Álvaro Filgueira. Suite Información.- La mentira como herramienta política
La política española atraviesa una fase en la que la frontera entre la mentira y la estrategia se ha difuminado peligrosamente. Las recientes declaraciones de Miguel Ángel Rodríguez, jefe de gabinete de Isabel Díaz Ayuso, afirmando que “mentir no es ilegal”, no solo desataron la polémica, sino que reflejan con crudeza una tendencia cada vez más aceptada en el discurso político: la mentira como instrumento legítimo de comunicación.
El Partido Popular de Alberto Núñez Feijóo ha intentado marcar distancia del tono y las formas de Ayuso y su entorno, pero el silencio o la tibieza ante afirmaciones de este tipo terminan convirtiéndose en complicidad política. En un país donde la confianza ciudadana en los partidos tradicionales está bajo mínimos, justificar la mentira como algo “no punible” es, cuando menos, una torpeza ética.
Sánchez y el arte del eufemismo: “no miento, cambio de opinión”
Del otro lado del tablero, el presidente del Gobierno, Pedro Sánchez, ha hecho de la capacidad de rectificar un sello personal. Desde aquella moción de censura de 2018, ha repetido hasta la saciedad que “no miente, cambia de opinión”.
Sin embargo, esa aparente flexibilidad se ha convertido en un terreno resbaladizo: lo que en un político se valora como capacidad de adaptación, en Sánchez se percibe —por parte de amplios sectores de la ciudadanía— como oportunismo.
Ejemplos no faltan: del rechazo frontal a los indultos a los líderes del procés a su posterior concesión; de su “no” a pactar con Podemos al actual Gobierno de coalición; o de sus críticas a los nacionalismos periféricos a su acercamiento táctico al independentismo catalán. En todos los casos, la coherencia ha cedido ante la conveniencia.
Mentir sin consecuencias: el nuevo contrato político
La normalización de la mentira política no es un fenómeno aislado de España. Ocurre en democracias de todo el mundo, desde Estados Unidos hasta Italia, donde la posverdad y el relato han sustituido al hecho verificable como eje de la comunicación política.
Sin embargo, lo preocupante es que en España esta deriva se ha convertido en una herramienta sistemática de supervivencia electoral.
Ni PP ni PSOE parecen dispuestos a asumir que el desgaste de la credibilidad democrática no se debe solo a la corrupción o la crispación, sino a algo más profundo: la erosión de la palabra dada. Cuando la mentira deja de ser una excepción y pasa a ser parte del guion, el votante deja de exigir coherencia.
La ética que no cotiza en las urnas
El problema de fondo no es legal, sino moral.
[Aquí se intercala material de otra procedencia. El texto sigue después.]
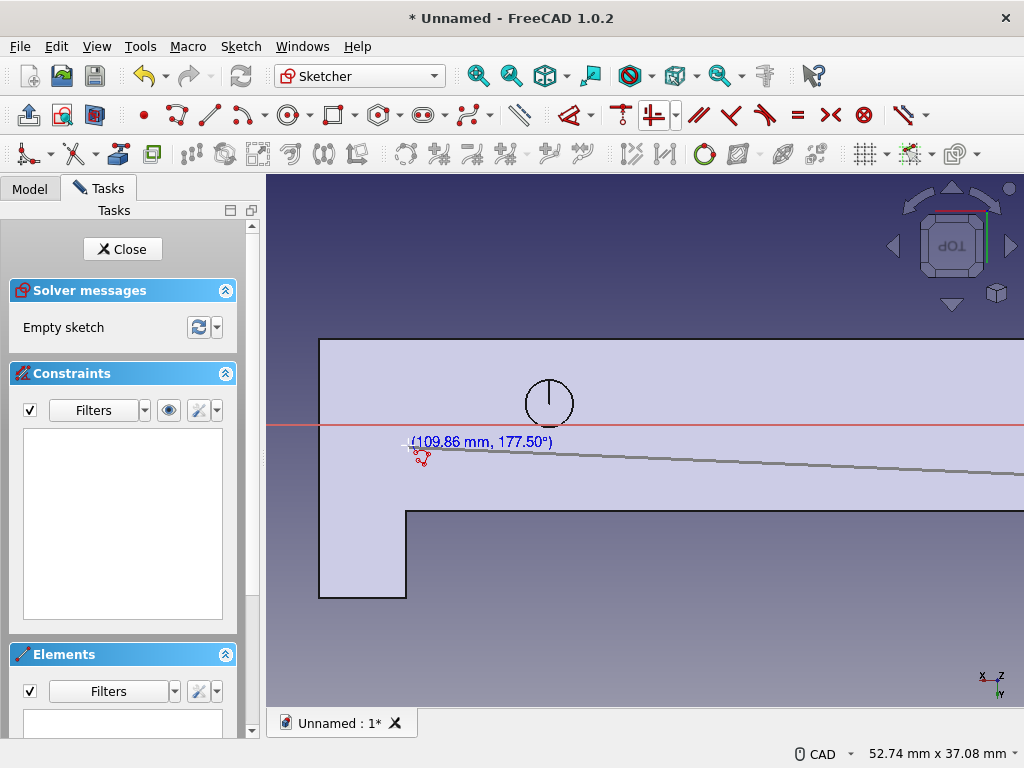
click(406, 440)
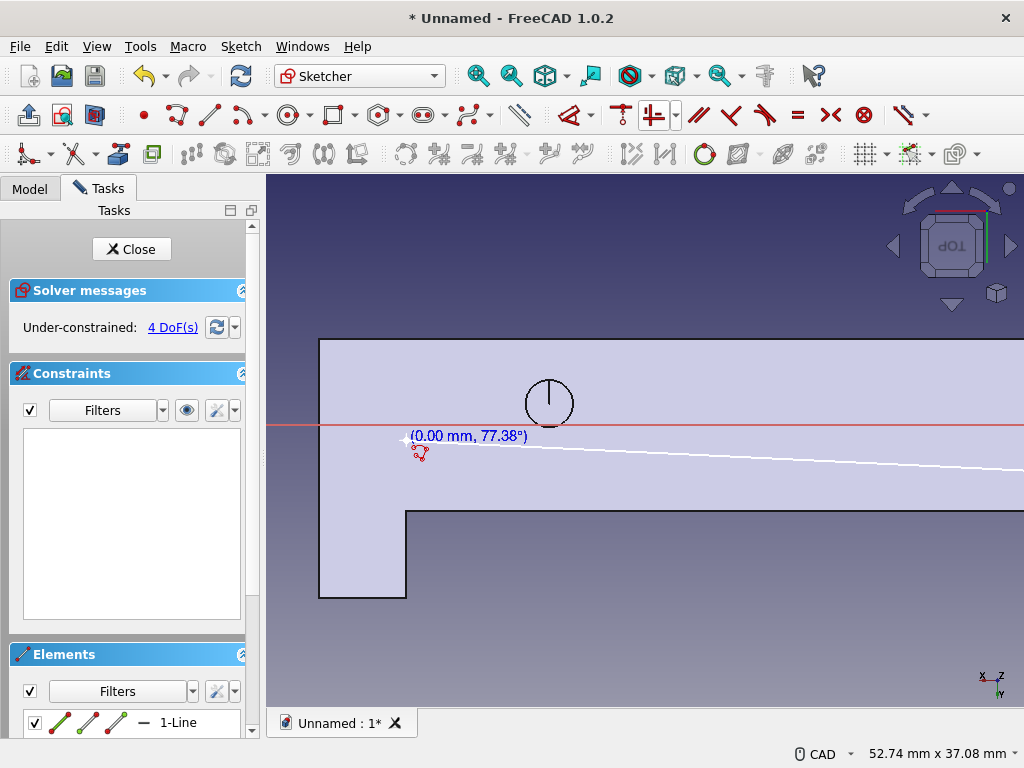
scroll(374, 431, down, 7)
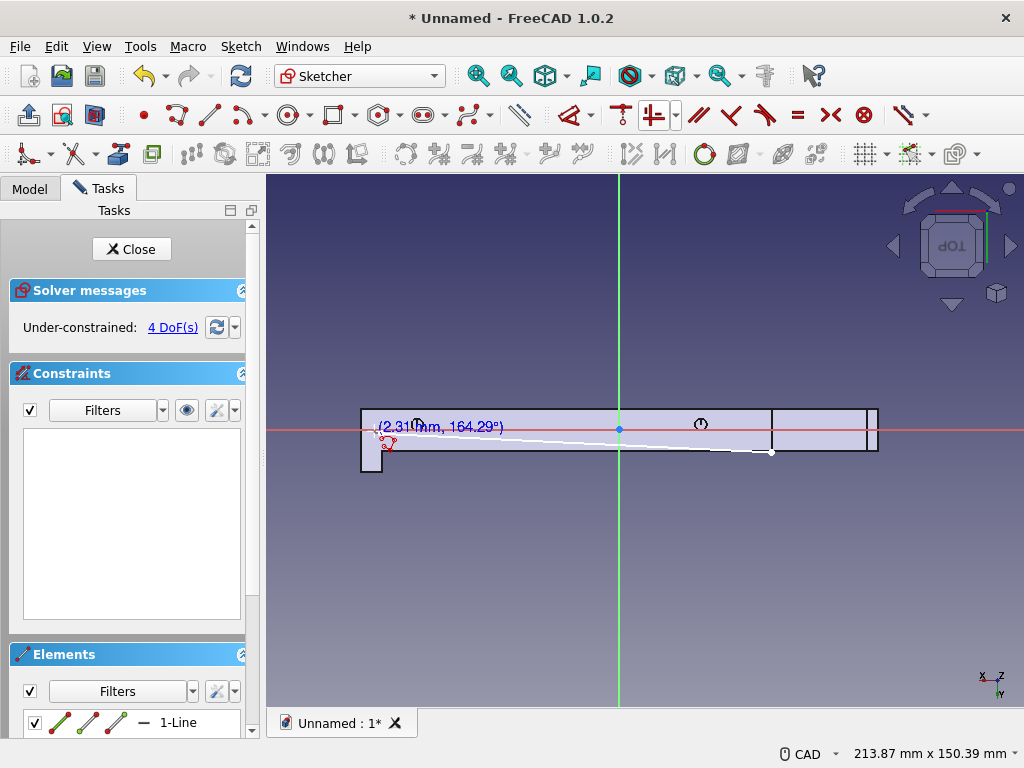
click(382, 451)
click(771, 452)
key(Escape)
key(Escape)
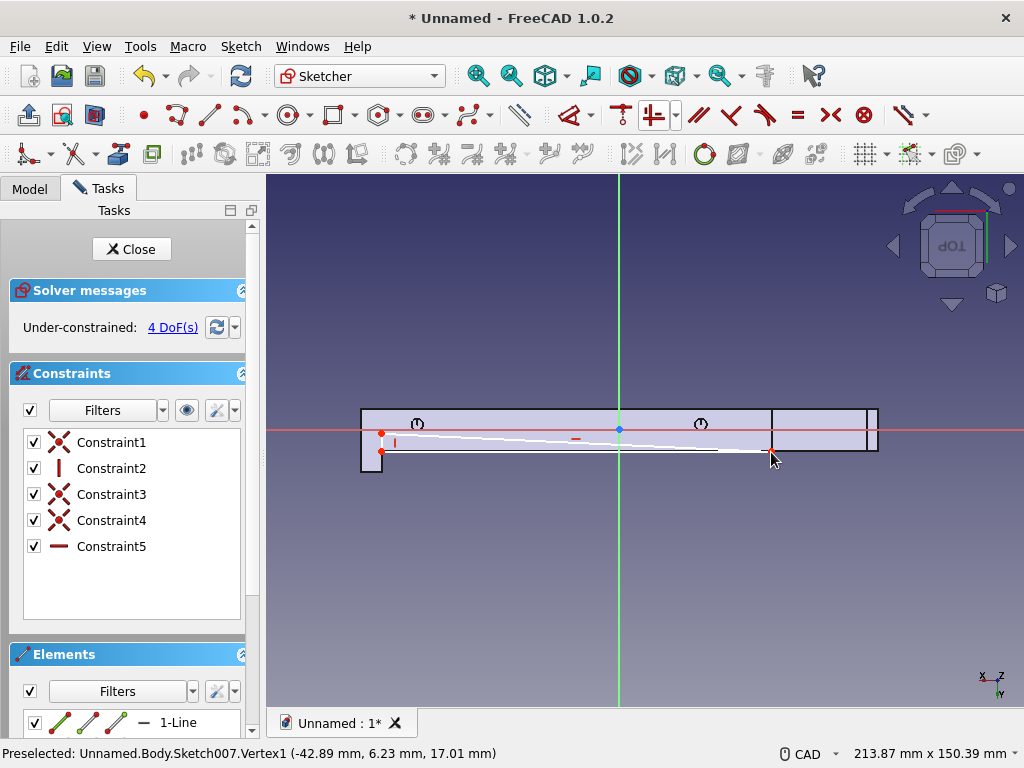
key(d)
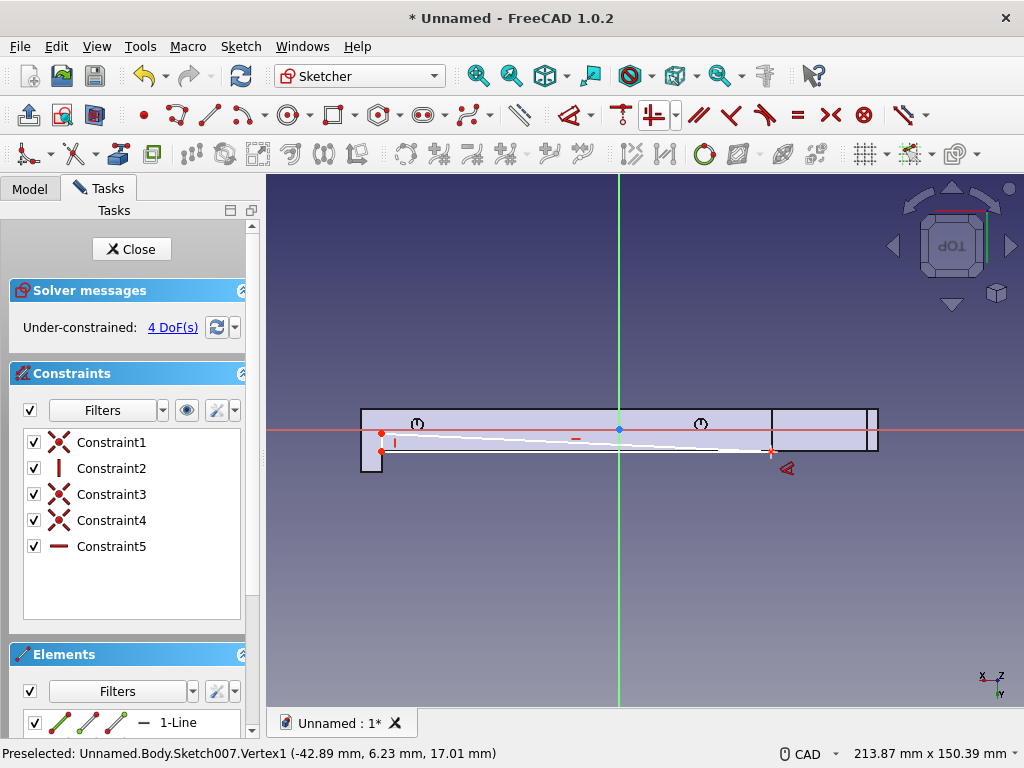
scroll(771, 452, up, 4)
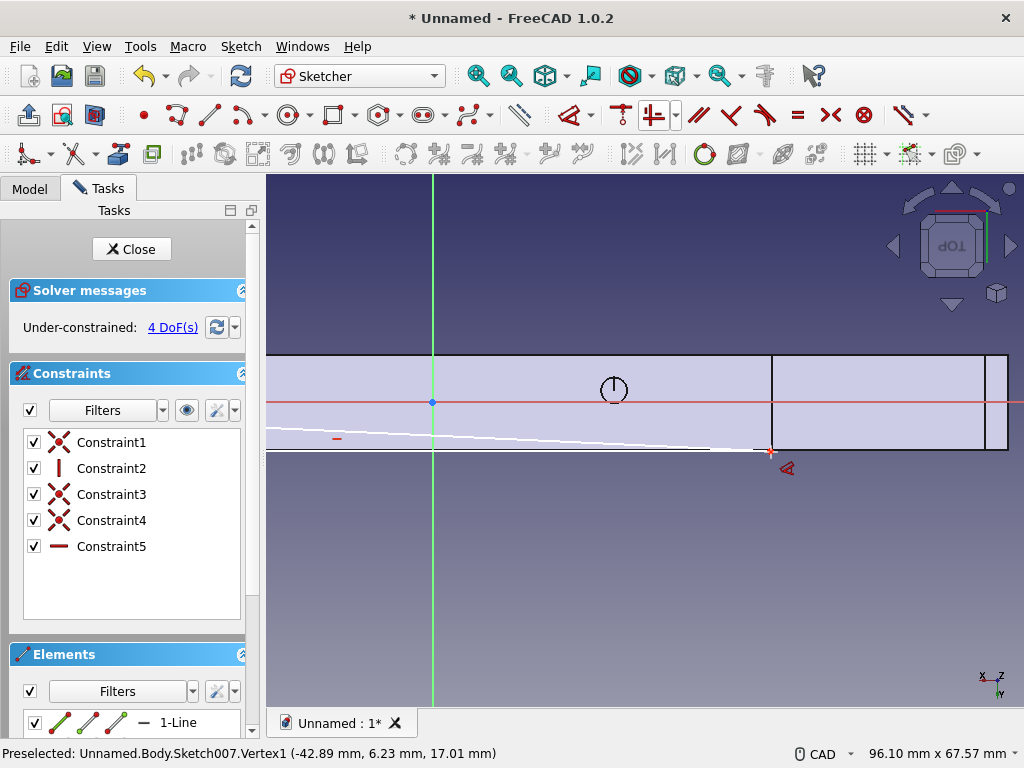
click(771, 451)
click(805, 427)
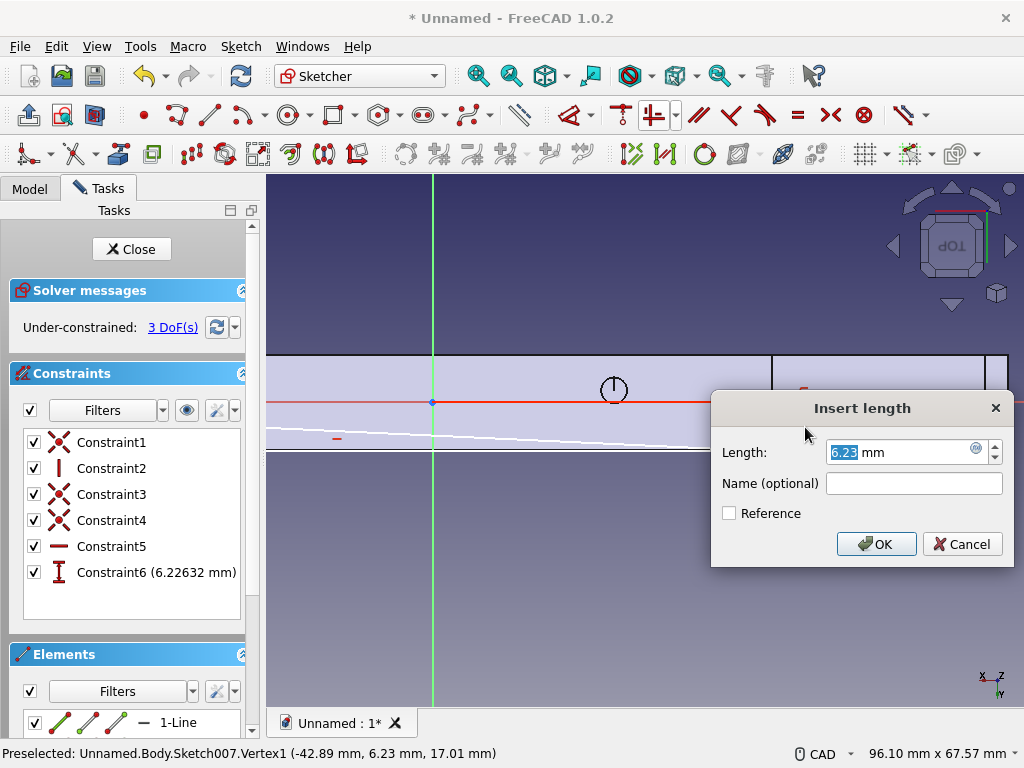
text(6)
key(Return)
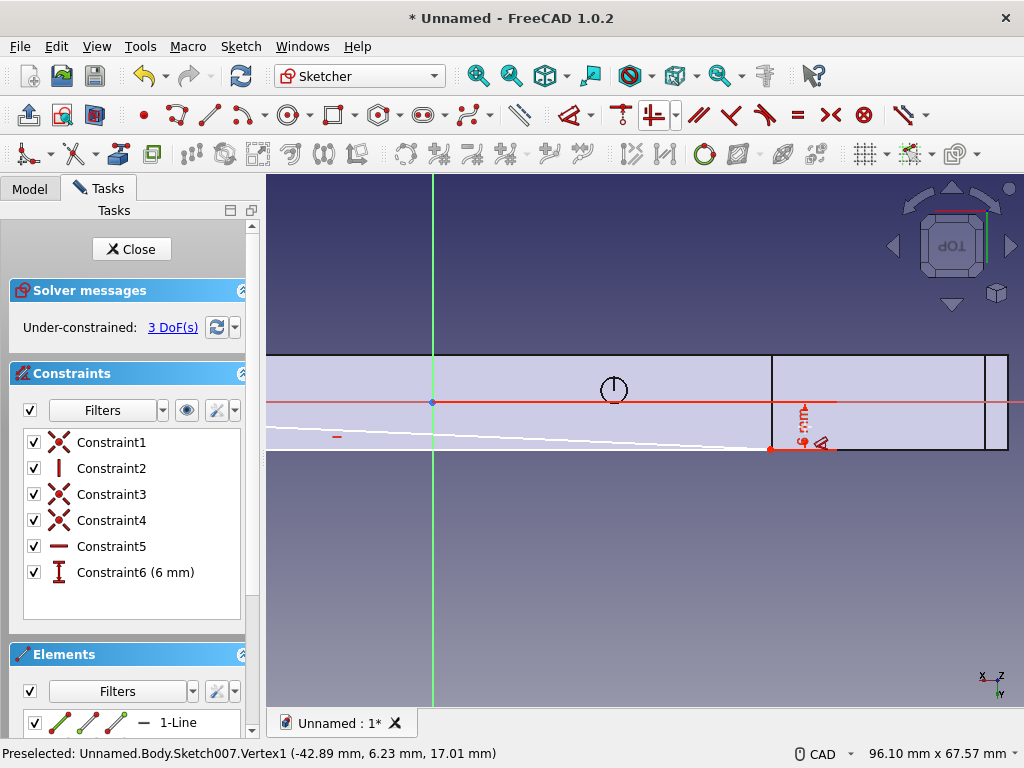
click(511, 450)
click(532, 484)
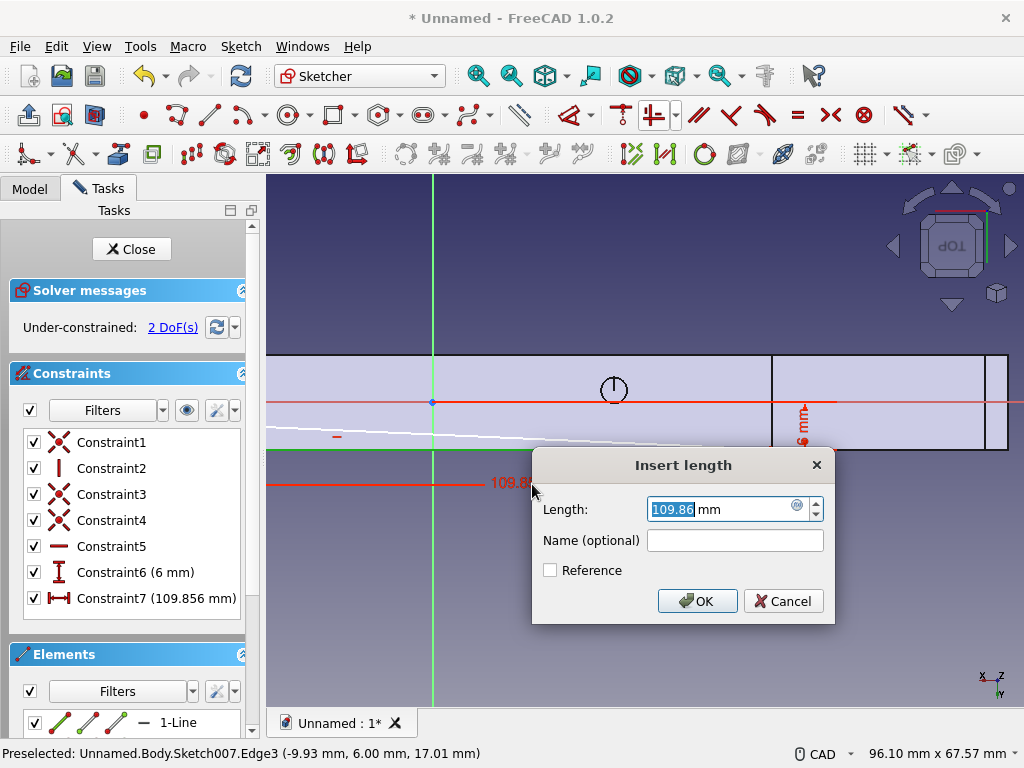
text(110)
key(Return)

Miguel Ángel Rodríguez tiene razón en una cosa: mentir no es ilegal. Pero la ley no lo prohíbe porque se presupone que la ética política debería impedirlo.
Y ahí está el vacío: cuando la ética se convierte en una variable de marketing electoral, cualquier declaración puede reinterpretarse como un matiz, cualquier promesa como una “intención” y cualquier contradicción como un “cambio de opinión”.
En ese contexto, los discursos se llenan de eufemismos: “no miento, evoluciono”, “rectifico”, “me adapto”. Y mientras tanto, la confianza en los políticos se erosiona un poco más cada día.
Cuando el relato sustituye a la verdad
Lo que el PP presenta como una justificación y el PSOE como una estrategia de flexibilidad no son más que dos caras de la misma moneda: una política que ha renunciado a la verdad como valor de fondo.
El ciudadano medio, cansado de discursos huecos, asiste al espectáculo de la posverdad institucionalizada con una mezcla de cinismo y resignación.
Quizá el verdadero desafío para la democracia española no sea que los políticos mientan, sino que los votantes hayan dejado de sorprenderse cuando lo hacen.